Step 4, the wavelet packet coefficient sequence greater than the detected parameters corresponding frequency band of alarm threshold is reconstructed, the energy of abnormal signal probably is distributed on the unusual frequency range of detected appearance in the step 3, wavelet packet coefficient sequence on these frequency ranges is reconstructed, and the signal that reconstructs like this is outstanding abnormal signal on primary signal more.
Because the complexity of abnormal signal, unusual very possible being distributed in of finding in the abnormality detection in the early stage in the different wavelet field, the wavelet packet coefficient of these wavelet field is reconstructed, and the signal that reconstructs like this is outstanding abnormal signal on primary signal more.Further detection to reconstruction signal can be confirmed unusually.In addition by reconstruct wavelet packet coefficient sequence selectively, can be more accurately these are unusual in the location on time-domain.

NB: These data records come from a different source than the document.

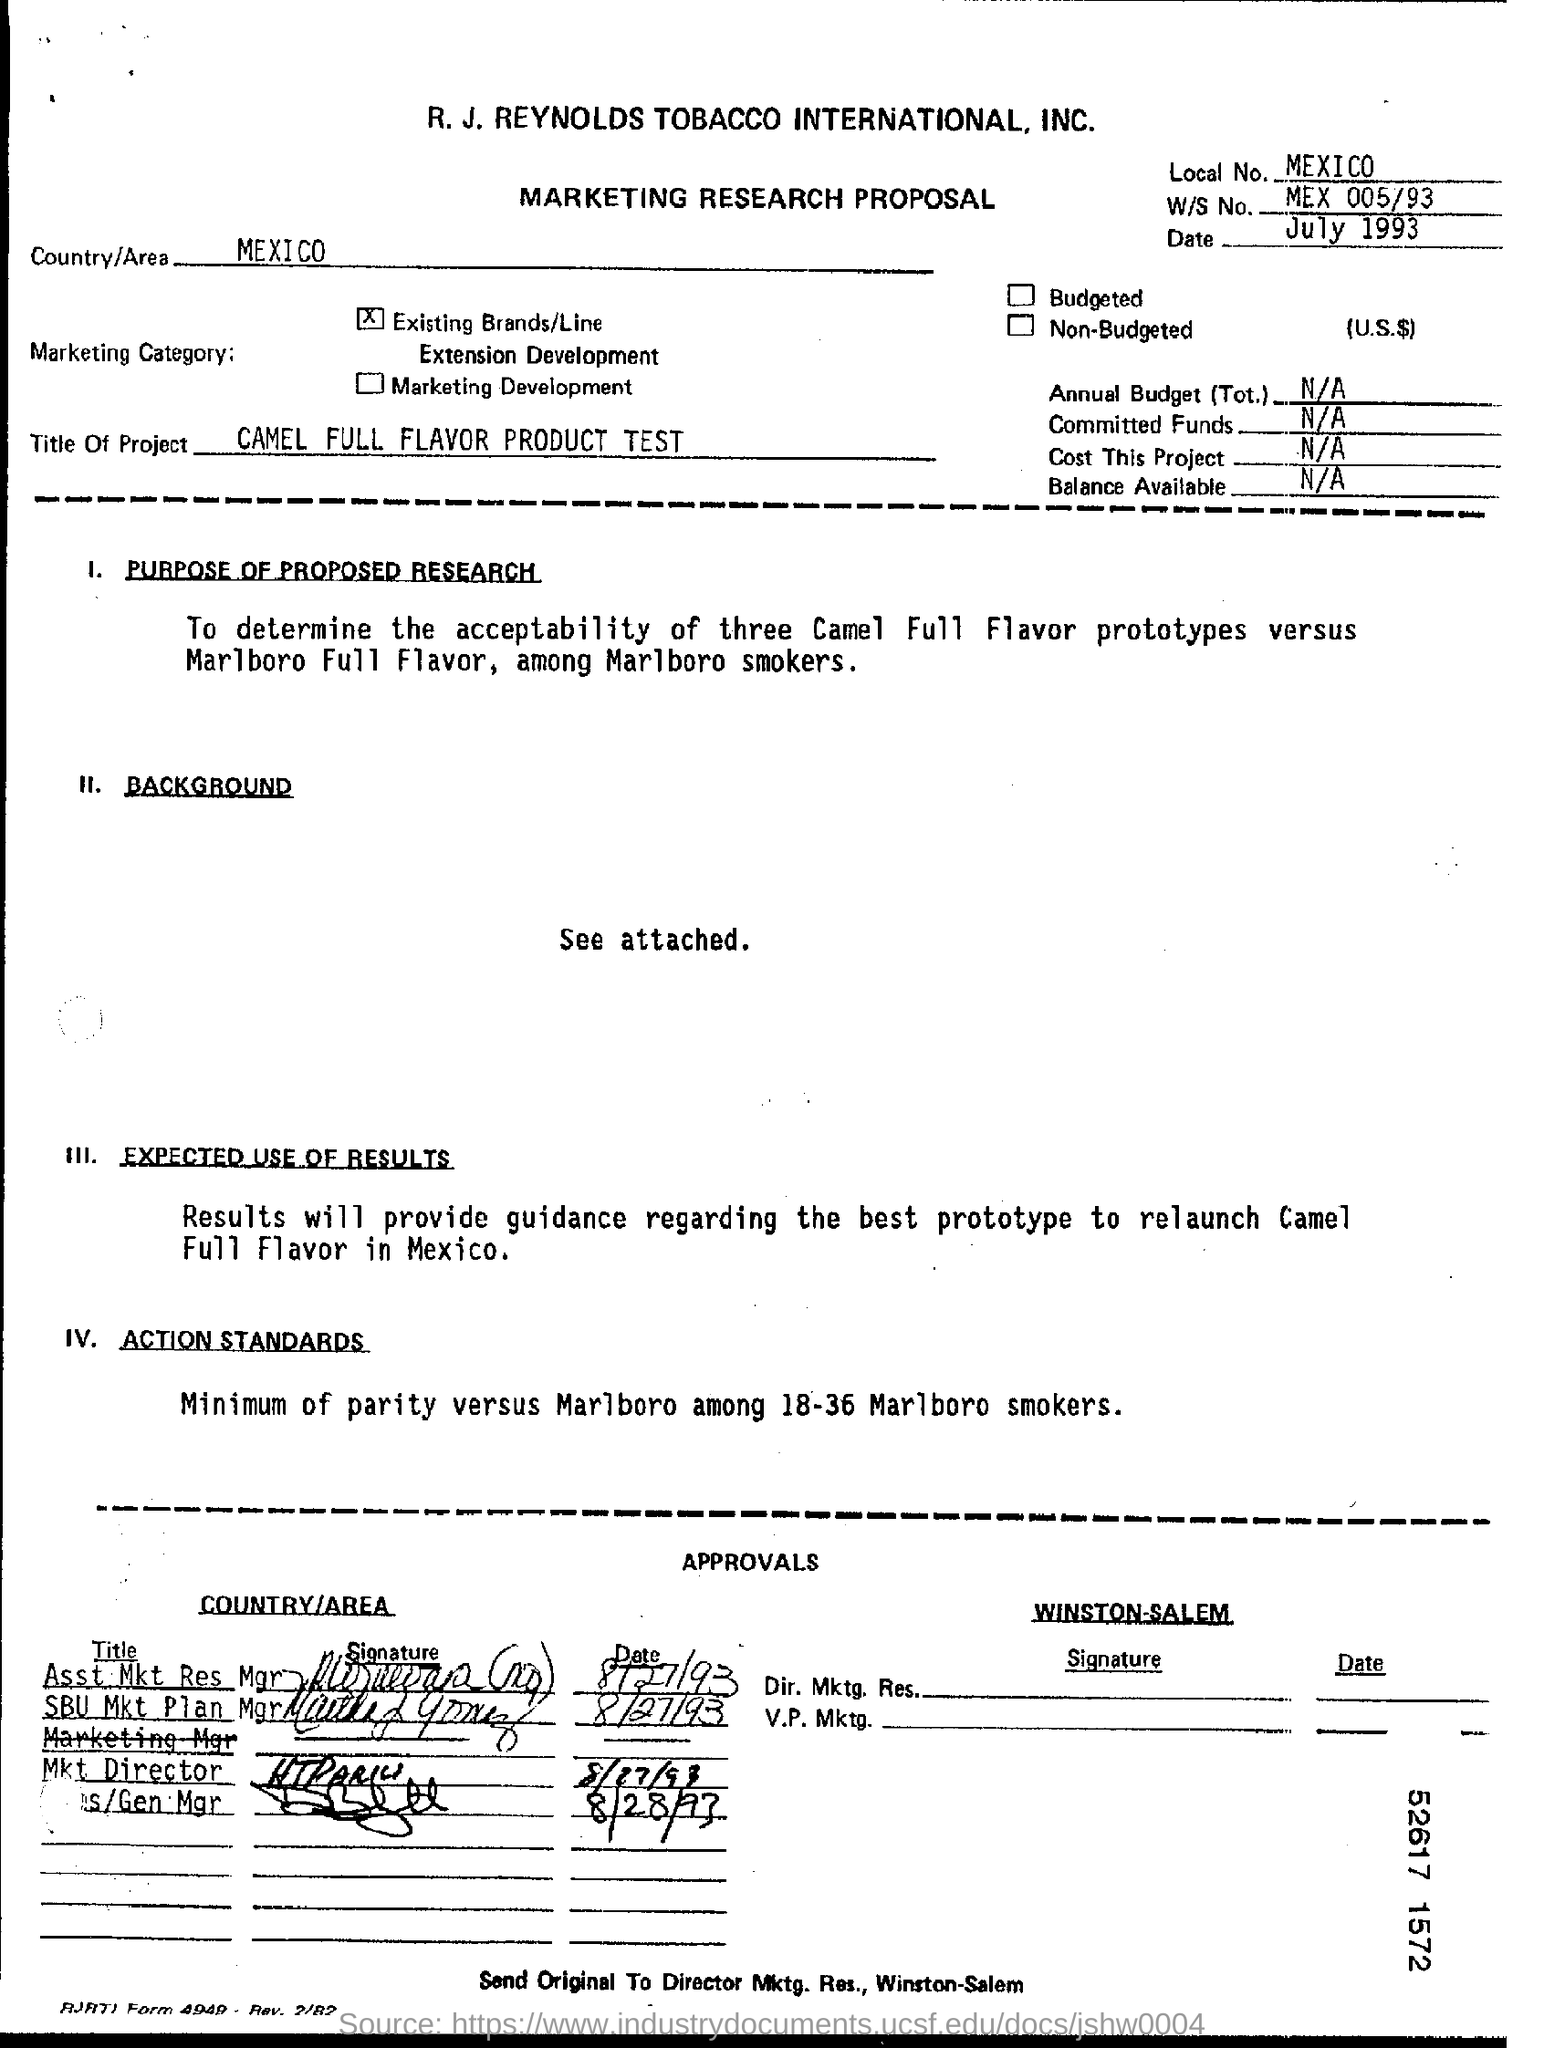What is the main heading of document ?
Ensure brevity in your answer.  MARKETING RESEARCH PROPOSAL. What is Local No ?
Make the answer very short. MEXICO. What is the date mentioned in the top of the document ?
Offer a terse response. July 1993. What is the Country Name ?
Give a very brief answer. MEXICO. What is W/S No ?
Your response must be concise. MEX 005/93. What is Title of the Project ?
Offer a terse response. CAMEL FULL FLAVOR PRODUCT TEST.

Step 5, affirmation abnormality detection: the detected parameters and the predefined alarm threshold that generate are compared,, then confirm as abnormal signal if greater than described alarm threshold, otherwise, think flase drop, promptly confirmation signal is normal.Since in the early stage in the abnormality detection module detected doubtful might be flase drop unusually.So we will detect once more to the reconstruct burst at last, reduce false drop rate.And 2 to extract wavelet packet analysis time domain polarization fuzzy, can increase the accuracy of unusual time domain location to the detection of signal after the reconstruct.
In addition, in the above-described embodiments, window also can determine that by adaptive mode in general, window is difficult to determine during abnormality detection during detection, if window just can't guarantee well to detect effect when at will selecting one.So the present invention proposes one according to the centre frequency of each frequency band true method of timing window roughly.
Initial stage, signal to be detected was each layer wavelet packet coefficient during abnormality detection.The flow signal WAVELET PACKET DECOMPOSITION behind the j layer, is had 2 jThe length of signal is reduced to 1/2 of flow signal in the sequence of frequency bands of individual equiband, each frequency band j, the sampling interval increases to 2 of flow signal jDoubly.If the highest frequency of flow signal is f, then 2 jThe frequency range of individual frequency band is:
2 -j(i-1)f~2 -jif (3-3)
I=1 in the formula, 2 ..., 2 jThe sequence of frequency bands of expression decomposed signal.The centre frequency (center frequency) that we can roughly estimate each frequency band is:
f cj i = 2 - ( j + 1 ) ( 2 i - 1 ) f - - - ( 3 - 4 )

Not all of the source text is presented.